Para acercarse a Dios ha de creerse que Él existe, y la fe tiene que ver muchas veces con ese primer paso de aproximación a la realidad que se está buscando.
Si hace unos días hablábamos de cómo nuestra espiritualidad como seres humanos queda también alcanzada por la pandemia, sea para bien o para mal, para acercarse a Dios o para rebelarse aún más contra Él, algo parecido pasa también con la oración. Es, como veremos, un asunto como para detenerse y ponerle un extra de cuidado, porque este virus parece contaminarlo todo.
La reflexión que hago hoy aplica, principalmente de forma obvia, a quienes tenemos la oración entre nuestros hábitos de vida. Pero también a quienes se están empezando a acercar a ella, aunque solo sea por si acaso. Ese es uno de los cambios que se está produciendo en la espiritualidad de las personas (aunque me temo que no en tantas) y no es un cambio menor. Como nos recuerda Hebreos 11:6, para acercarse a Dios ha de creerse que Él existe, y la fe tiene que ver muchas veces con ese primer paso de aproximación a la realidad que se está buscando. Sin fe, aunque sea en estado puramente rudimentario, es imposible agradarle, pero Él recompensa a quienes le buscan y es promesa que Él no se esconde de quienes le buscan de corazón.
A veces nos resulta fácil criticar a quien se aproxima a Dios solo porque algo le aprieta lo suficiente. En realidad, así es como las personas se acercaban al Maestro mientras estaba entre nosotros. Tenían una dolencia, una urgencia, una enfermedad... y creyendo y acercándose, eran sanados. El Señor no les pedía más que fe. Su urgencia era legítima, pero en su acercamiento había adoración, gratitud por adelantado y una petición sincera desde el reconocimiento de su debilidad. En muchas de aquellas personas el contenido de Hebreos 11:6 era más que palpable: acercamiento a quien daban por hecho y con convicción que tenía poder para sanar y siendo galardonados por aquel paso audaz de acercarse a Jesús. No le pedían de una forma manipulativa, como a veces hacemos nosotros, para luego seguir su camino sin más, sino que se le entregaban sin reservas. Algo que aún podemos hacer nosotros hoy, pero que no solemos hacer mientras la necesidad que sentimos no se nos hace acuciante.
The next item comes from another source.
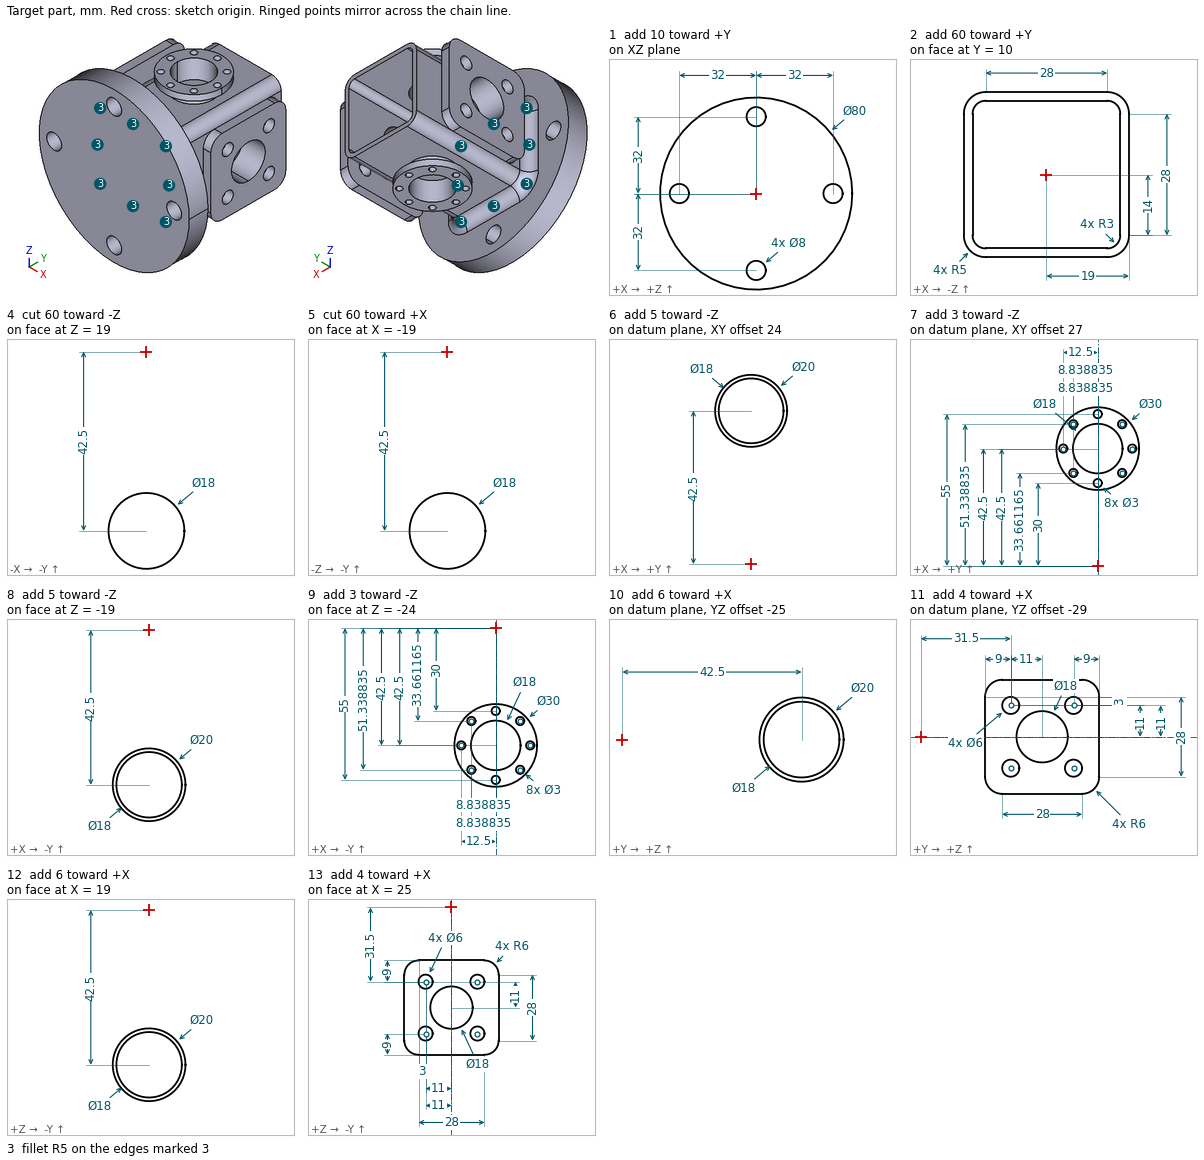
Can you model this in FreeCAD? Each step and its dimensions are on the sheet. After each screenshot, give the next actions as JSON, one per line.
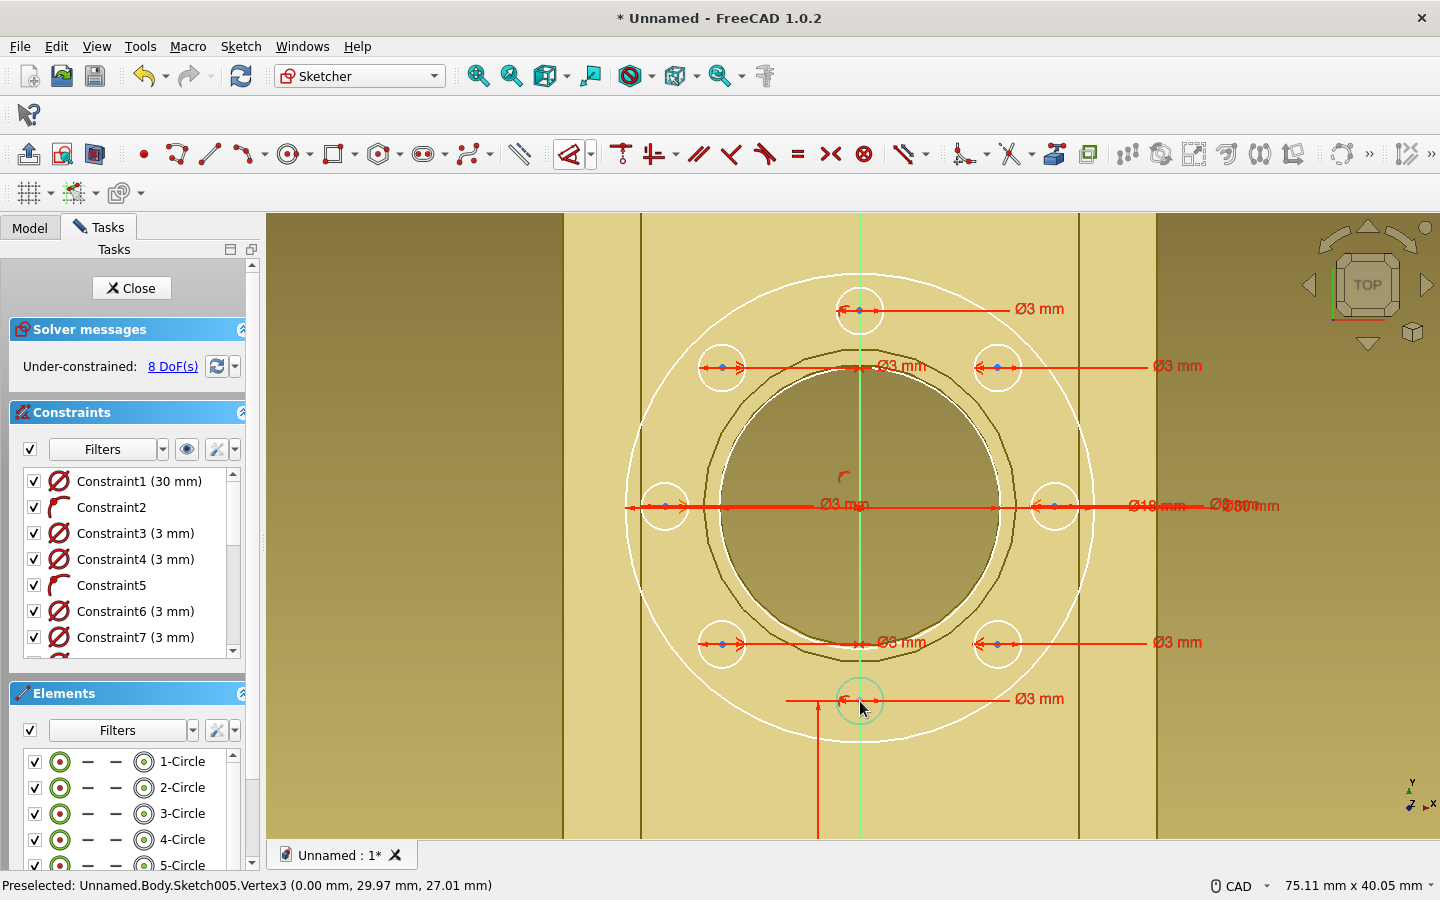
{"action": "left_click", "coordinate": [860, 311]}

C.S. Lewis decía en su libro El problema del dolor que “Dios susurra y habla a la conciencia a través del placer, pero le grita mediante el dolor: el dolor es su megáfono para despertar a un mundo adormecido.” Creo sinceramente que esto es lo que está sucediendo en una cierta medida, pero sospecho que no hemos sido zarandeados suficientemente aún en este primer mundo nuestro, como para que nuestra conciencia despierte del letargo. Veo, si me apuran, esos movimientos en personas concretas por situaciones específicas, pero no como un fenómeno colectivo, ni mucho menos universal o tan contagioso como el virus que enfrentamos. Aún nos sentimos demasiado fuertes, permanecemos a la espera de que esto pase pronto y confiando en que no haga falta echar mano de nada más y mucho menos de nadie más que salga a nuestro rescate. De nuevo, “tiramos” de Dios solo si hace falta. La gran pregunta es: ¿y cuándo no hace falta?
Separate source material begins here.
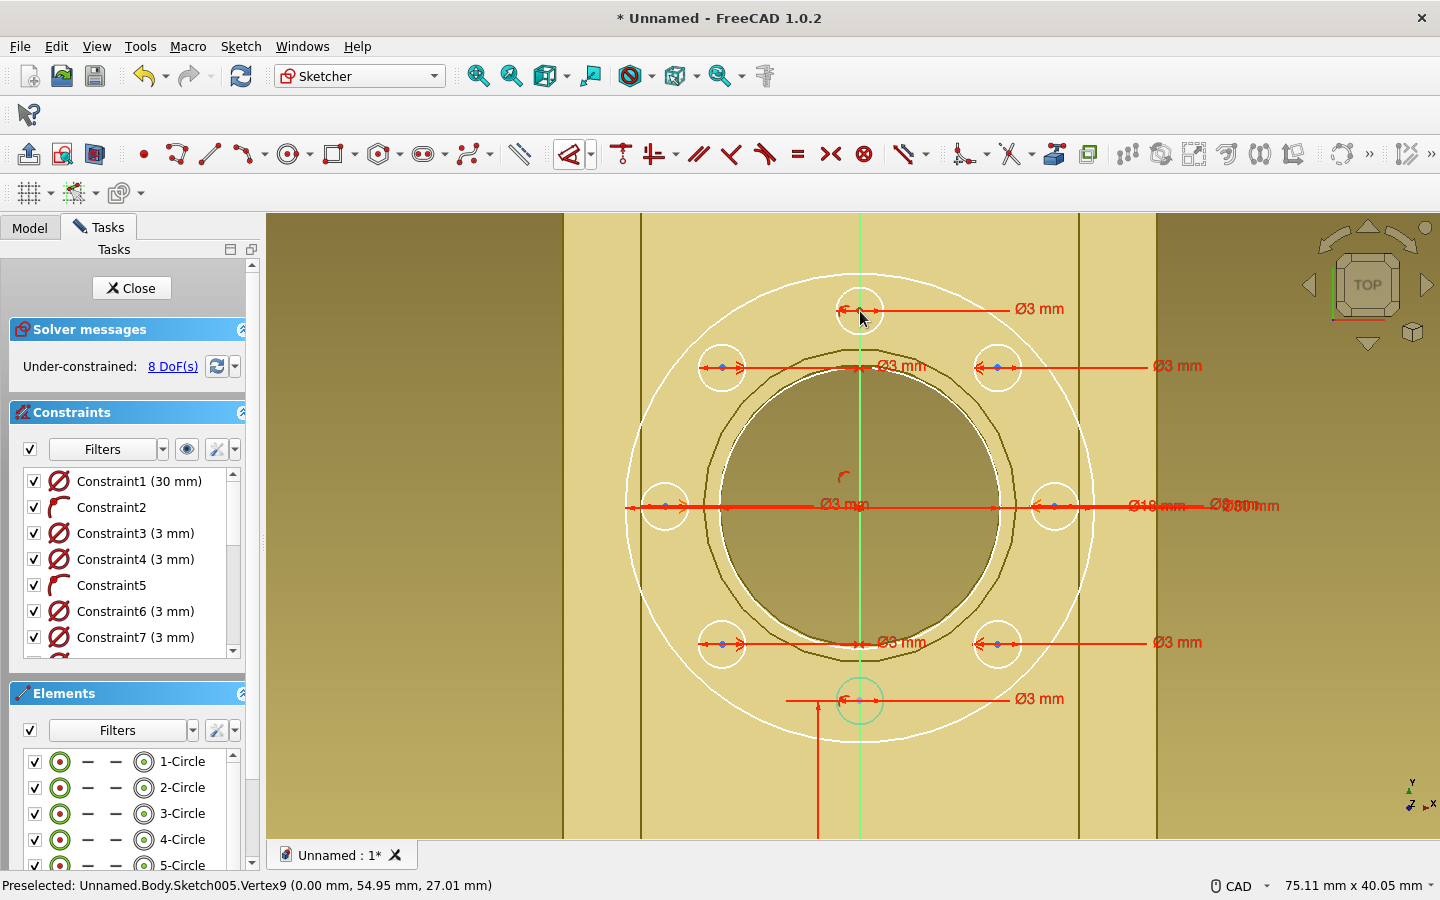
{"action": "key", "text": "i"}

Así, desde una conciencia más o menos cauterizada, o más o menos despierta, según se dé el caso, nuestras oraciones son también el reflejo de lo que vivimos y cómo lo vivimos. Ni cristianos, ni no cristianos nos libramos de que la oración quede tocada por este virus y lo que ha traído. Lo notamos especialmente por la carga específicamente relacionada con peticiones que ponemos en nuestras oraciones. A poco que nos descuidamos, apenas hemos “saludado” al Señor cuando ya le estamos sacando nuestra lista de ruegos y urgencias. Y no es que esté mal pedirle, claro, siendo que esto es la consecuencia directa de ser tan frágiles y dependientes. Es una cuestión de orden y peso específico, más que cualquier otra cosa.
La oración, recordemos, no nos pone en contacto con el Creador para hacerle funcionar casi como si fuera un “genio de la lámpara maravillosa”, sino que nos coloca en nuestro verdadero lugar cuando la abordamos correctamente. Nosotros estamos abajo, Él está arriba y esa disposición, lo primero que debe producirnos es un profundo asombro al darnos cuenta de que se nos permite acercarnos a pesar de nuestra condición. Eso sí, no de cualquier forma. Los oídos de Dios están cerrados a ciertos tipos de oración. Son cuestiones a tener en cuenta, más aún cuando ni siquiera a veces tenemos relación asidua y próxima con Él. El virus y sus consecuencias, o cualquier otra crisis en nuestras vidas que implique dolor, nos tienen con frecuencia tan absorbidos que perdemos de vista la maravilla que significa esa comunicación posible y a nuestro alcance. Y convertimos a Dios en una máquina expendedora.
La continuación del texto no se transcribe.